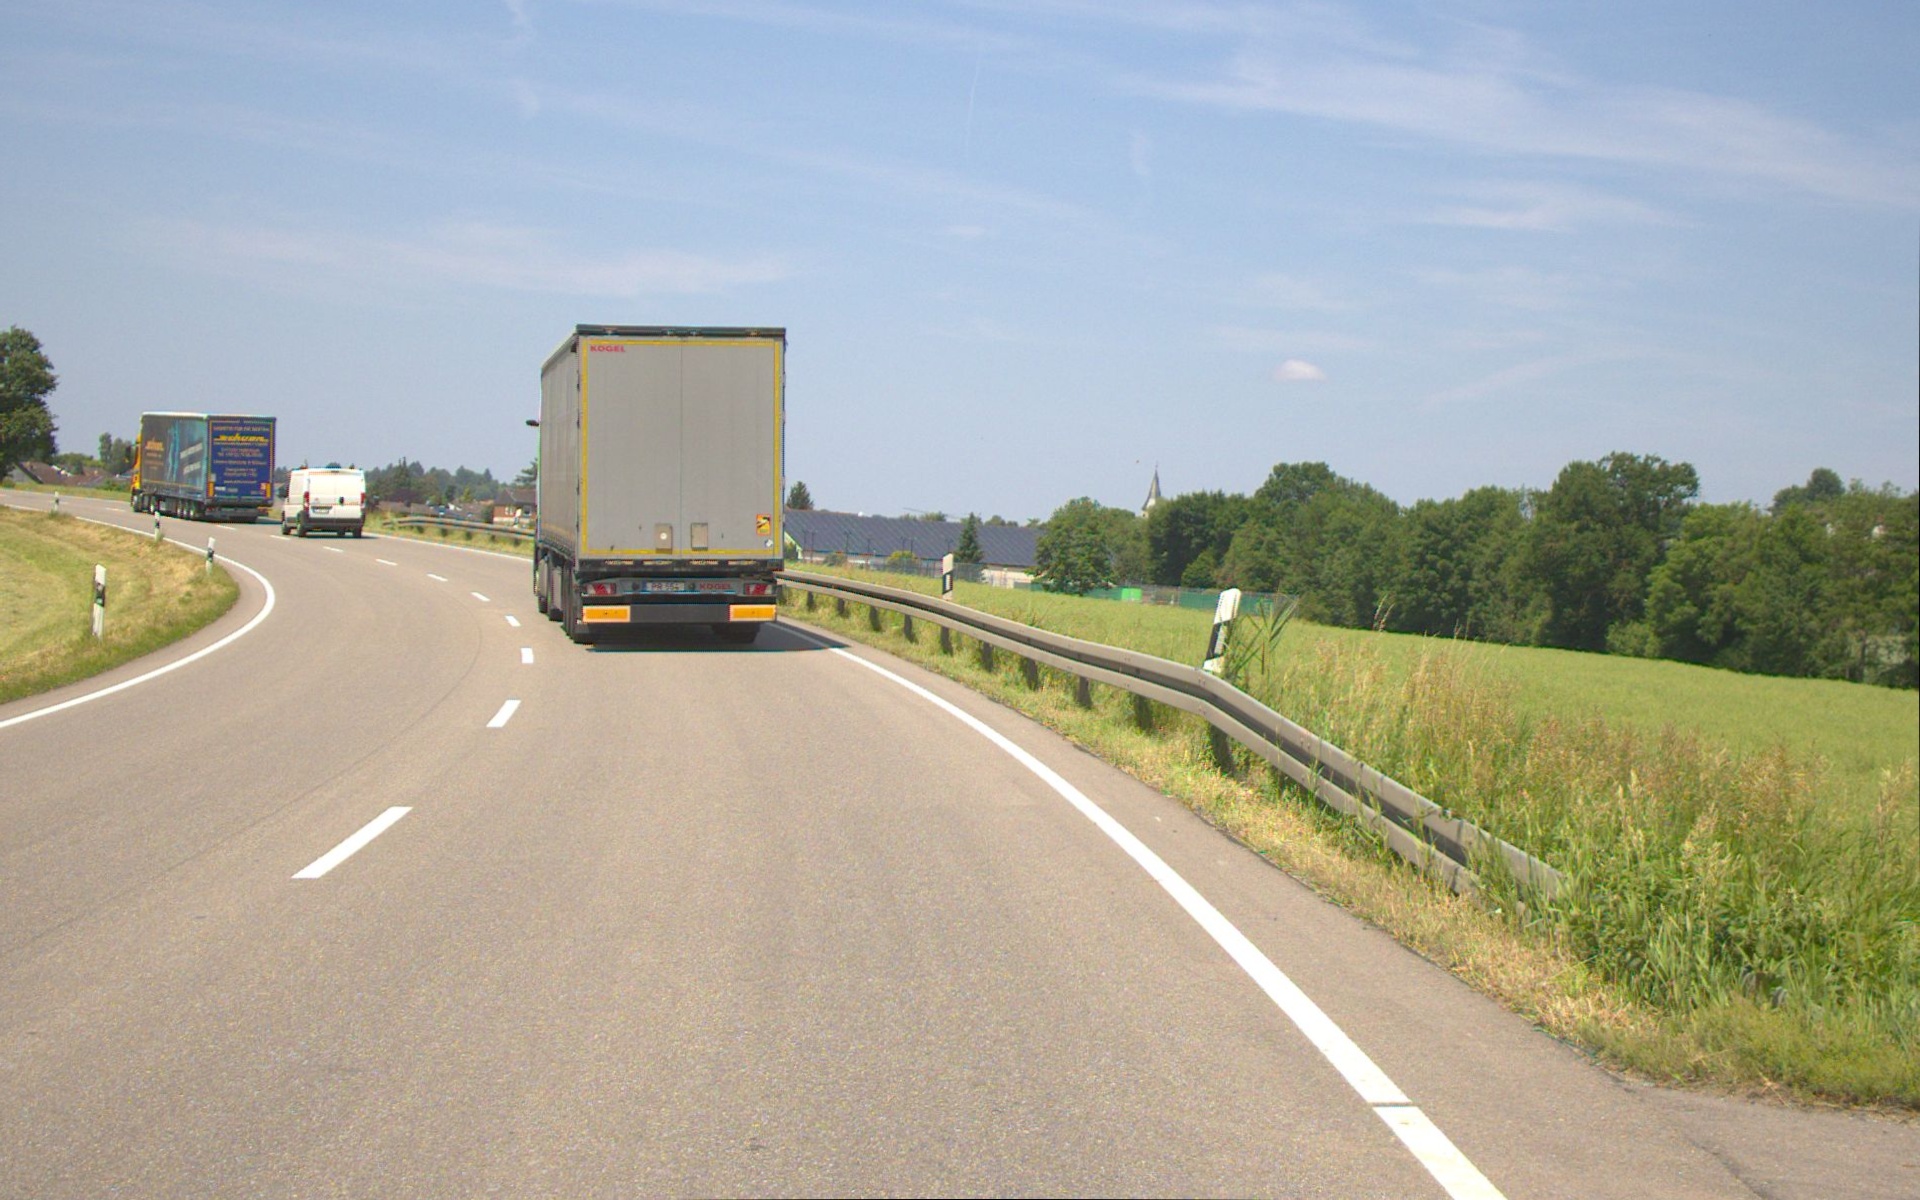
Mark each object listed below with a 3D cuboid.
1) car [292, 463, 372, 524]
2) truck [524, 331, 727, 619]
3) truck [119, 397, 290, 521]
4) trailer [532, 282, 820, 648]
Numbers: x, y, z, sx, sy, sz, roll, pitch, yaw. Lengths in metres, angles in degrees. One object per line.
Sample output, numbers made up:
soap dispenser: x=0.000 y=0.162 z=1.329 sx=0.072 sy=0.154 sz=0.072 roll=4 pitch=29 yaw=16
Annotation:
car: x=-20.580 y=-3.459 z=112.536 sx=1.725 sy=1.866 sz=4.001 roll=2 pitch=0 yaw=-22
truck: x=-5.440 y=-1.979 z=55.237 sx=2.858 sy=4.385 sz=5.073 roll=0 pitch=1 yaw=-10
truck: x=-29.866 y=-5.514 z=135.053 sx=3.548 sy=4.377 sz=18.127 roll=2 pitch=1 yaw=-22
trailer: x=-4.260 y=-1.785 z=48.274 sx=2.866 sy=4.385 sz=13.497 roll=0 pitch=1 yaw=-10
┄┄┄┄┄┄
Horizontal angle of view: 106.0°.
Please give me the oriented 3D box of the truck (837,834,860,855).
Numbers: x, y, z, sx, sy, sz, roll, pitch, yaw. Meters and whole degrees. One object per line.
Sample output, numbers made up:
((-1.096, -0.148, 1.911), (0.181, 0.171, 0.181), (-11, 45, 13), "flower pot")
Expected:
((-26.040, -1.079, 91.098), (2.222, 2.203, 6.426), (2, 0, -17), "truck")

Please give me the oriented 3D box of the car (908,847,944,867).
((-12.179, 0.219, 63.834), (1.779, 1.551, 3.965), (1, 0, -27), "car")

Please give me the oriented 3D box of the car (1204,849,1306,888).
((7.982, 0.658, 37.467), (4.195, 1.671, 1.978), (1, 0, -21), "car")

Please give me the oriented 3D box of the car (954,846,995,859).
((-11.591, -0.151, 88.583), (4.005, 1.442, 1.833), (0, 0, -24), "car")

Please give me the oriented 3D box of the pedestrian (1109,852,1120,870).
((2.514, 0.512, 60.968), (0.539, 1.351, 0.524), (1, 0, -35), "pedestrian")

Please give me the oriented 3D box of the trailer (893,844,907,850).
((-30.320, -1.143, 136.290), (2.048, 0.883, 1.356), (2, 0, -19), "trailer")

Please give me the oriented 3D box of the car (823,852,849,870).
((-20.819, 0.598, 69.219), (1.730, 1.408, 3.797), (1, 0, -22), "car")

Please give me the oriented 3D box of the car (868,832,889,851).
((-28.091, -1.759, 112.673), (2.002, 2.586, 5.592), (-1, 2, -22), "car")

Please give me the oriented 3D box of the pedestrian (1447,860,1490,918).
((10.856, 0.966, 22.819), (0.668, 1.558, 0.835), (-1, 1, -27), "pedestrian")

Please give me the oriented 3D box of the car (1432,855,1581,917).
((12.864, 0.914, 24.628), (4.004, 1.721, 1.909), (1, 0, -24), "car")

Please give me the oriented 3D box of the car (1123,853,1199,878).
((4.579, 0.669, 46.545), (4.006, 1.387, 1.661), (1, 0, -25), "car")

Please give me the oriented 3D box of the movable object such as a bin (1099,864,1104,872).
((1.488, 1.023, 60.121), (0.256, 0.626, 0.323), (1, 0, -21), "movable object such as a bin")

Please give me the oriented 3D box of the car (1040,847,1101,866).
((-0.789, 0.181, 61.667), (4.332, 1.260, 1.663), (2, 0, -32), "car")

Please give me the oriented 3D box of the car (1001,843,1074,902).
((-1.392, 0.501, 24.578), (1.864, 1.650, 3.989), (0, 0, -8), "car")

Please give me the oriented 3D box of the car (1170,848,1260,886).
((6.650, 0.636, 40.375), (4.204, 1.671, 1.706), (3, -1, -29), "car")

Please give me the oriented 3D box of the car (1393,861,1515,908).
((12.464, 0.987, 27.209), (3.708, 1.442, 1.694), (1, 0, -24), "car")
┄┄┄┄┄┄
--- EXERCISE INSTRUCTIONS ---
Of all the entries above, output exactly the lines between the one holding "Mark each object" and the one holding "4) trailer [532, 282, 820, 648]", inclusive.

--- RESPONSE AREA ---
Mark each object listed below with a 3D cuboid.
1) car [292, 463, 372, 524]
2) truck [524, 331, 727, 619]
3) truck [119, 397, 290, 521]
4) trailer [532, 282, 820, 648]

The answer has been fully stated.